Return the lines from the line containing "date: 1580-1625" onward. Each must match exactly, and the last line of the listing below must be included.

• Source material:
┌──

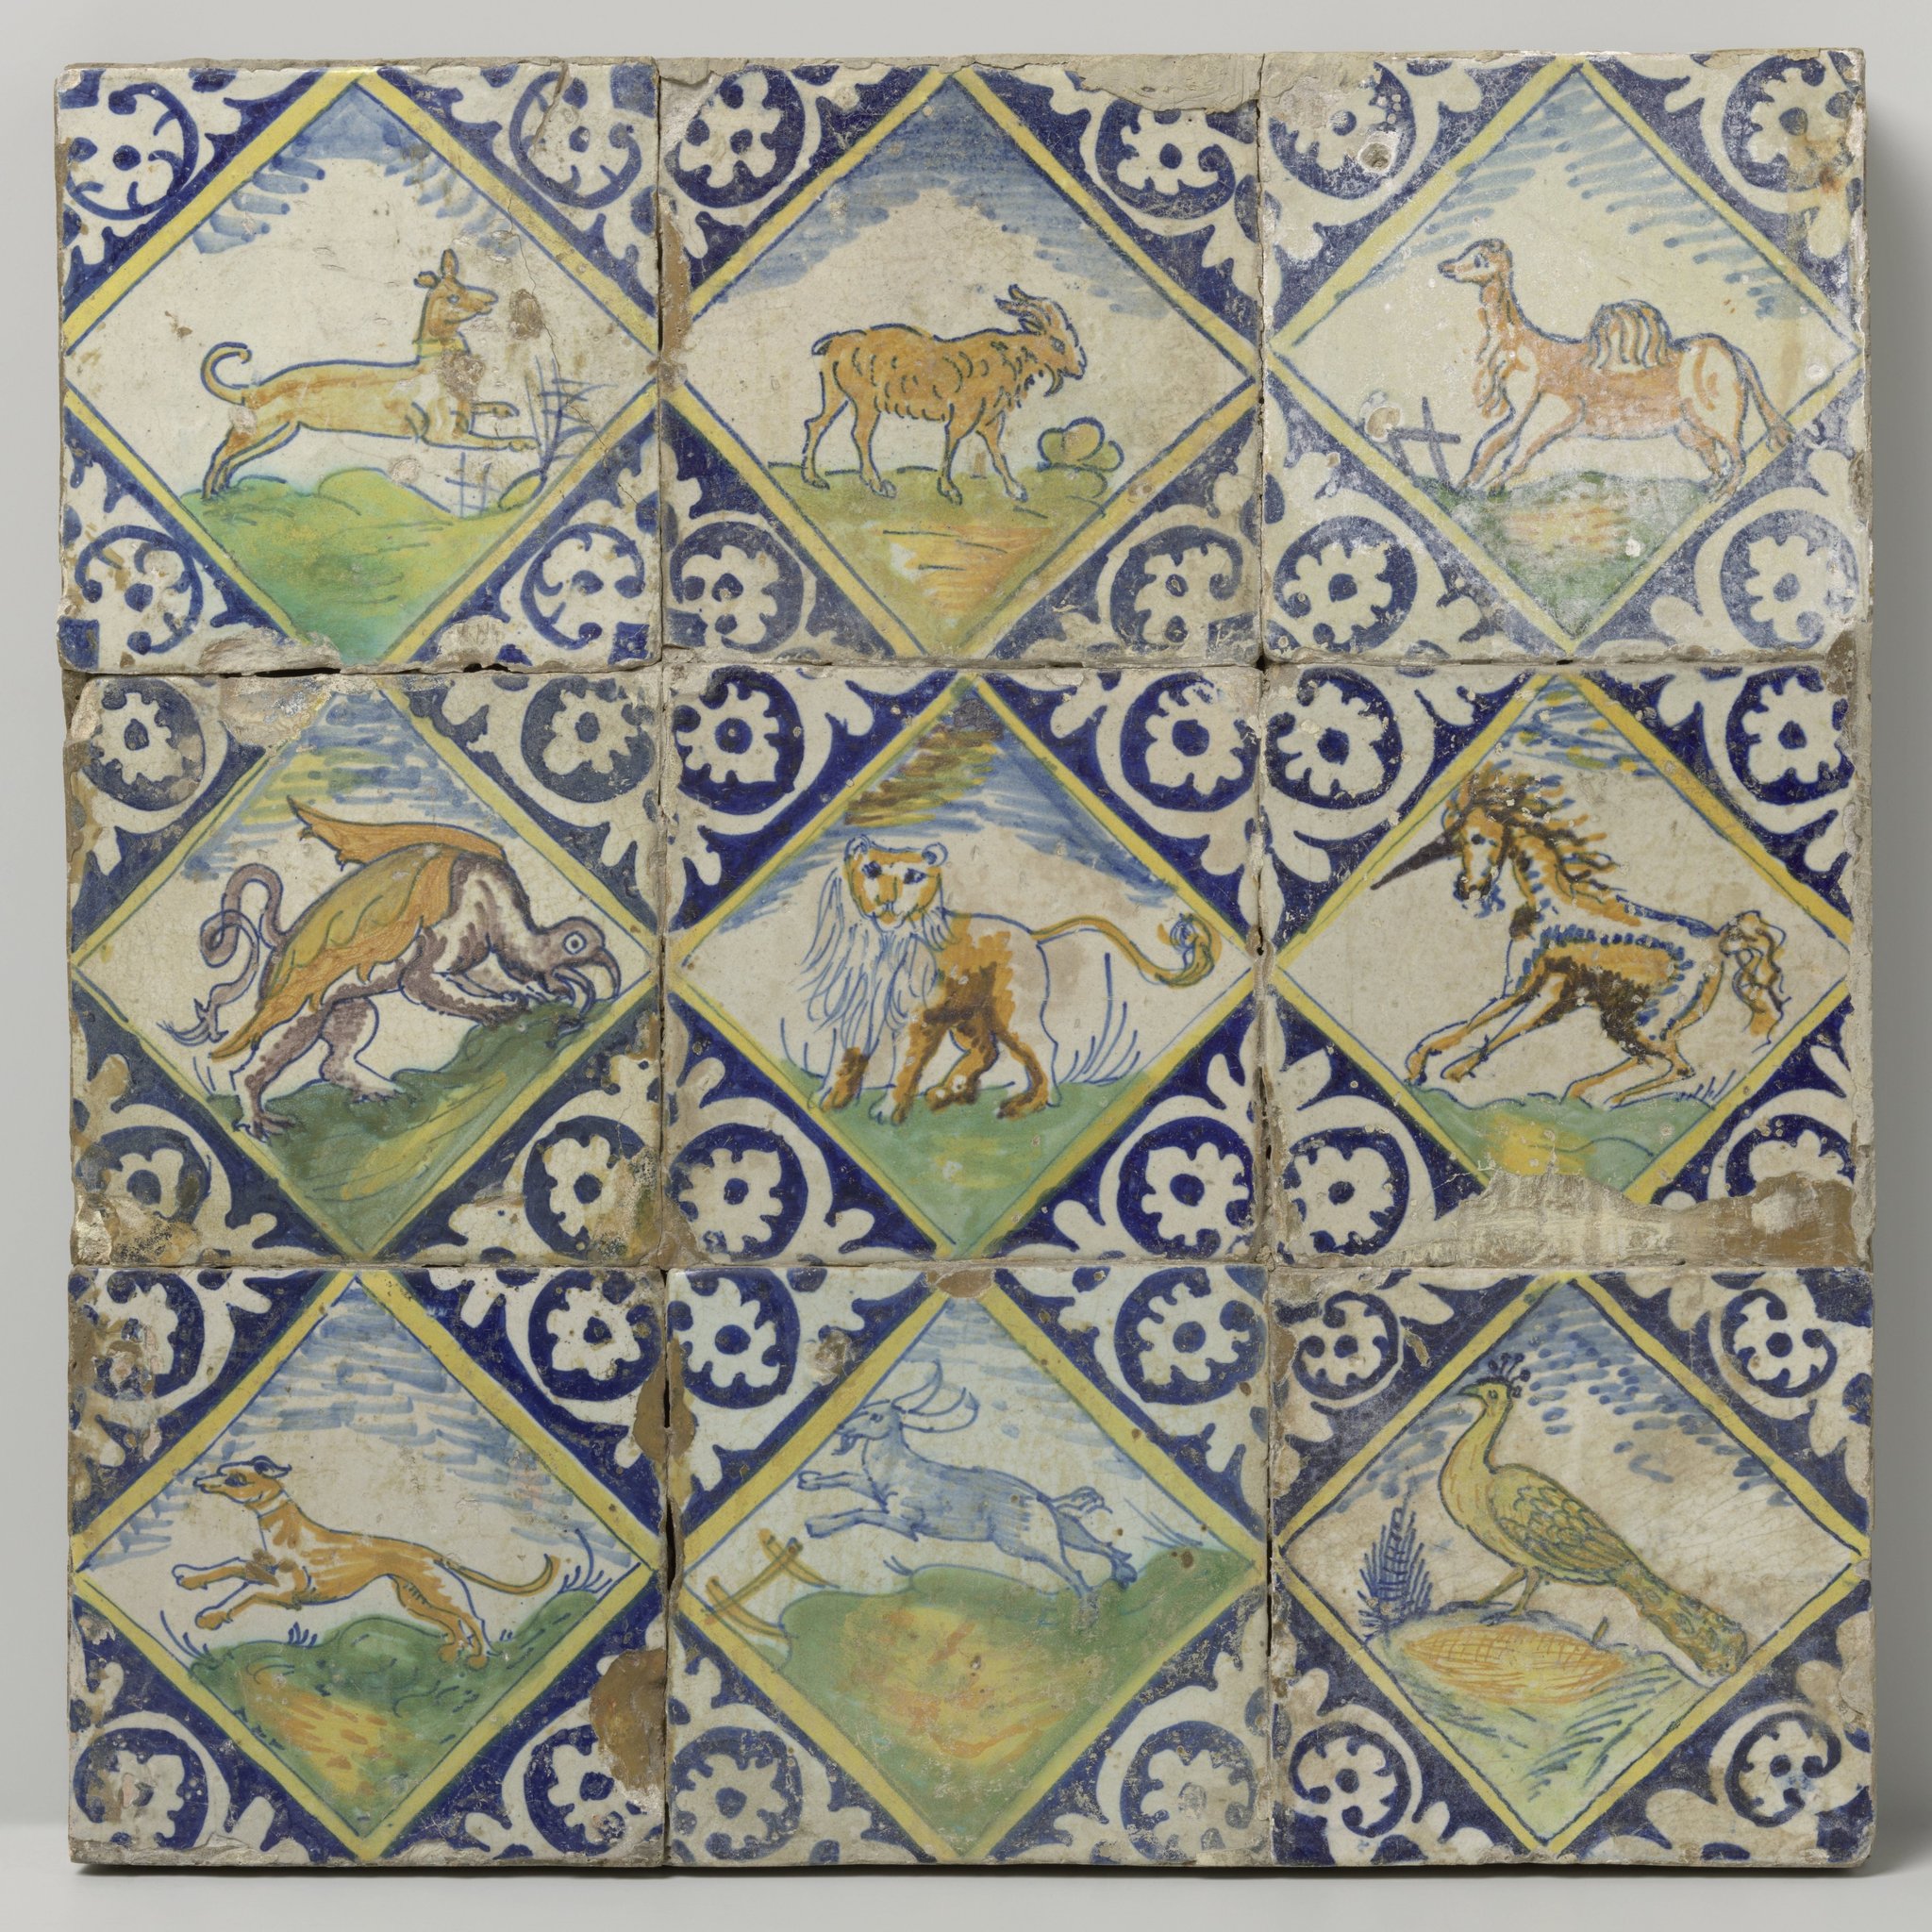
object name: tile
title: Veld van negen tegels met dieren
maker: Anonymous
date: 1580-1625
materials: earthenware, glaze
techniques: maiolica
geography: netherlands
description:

└──

• The answer:
date: 1580-1625
materials: earthenware, glaze
techniques: maiolica
geography: netherlands
description:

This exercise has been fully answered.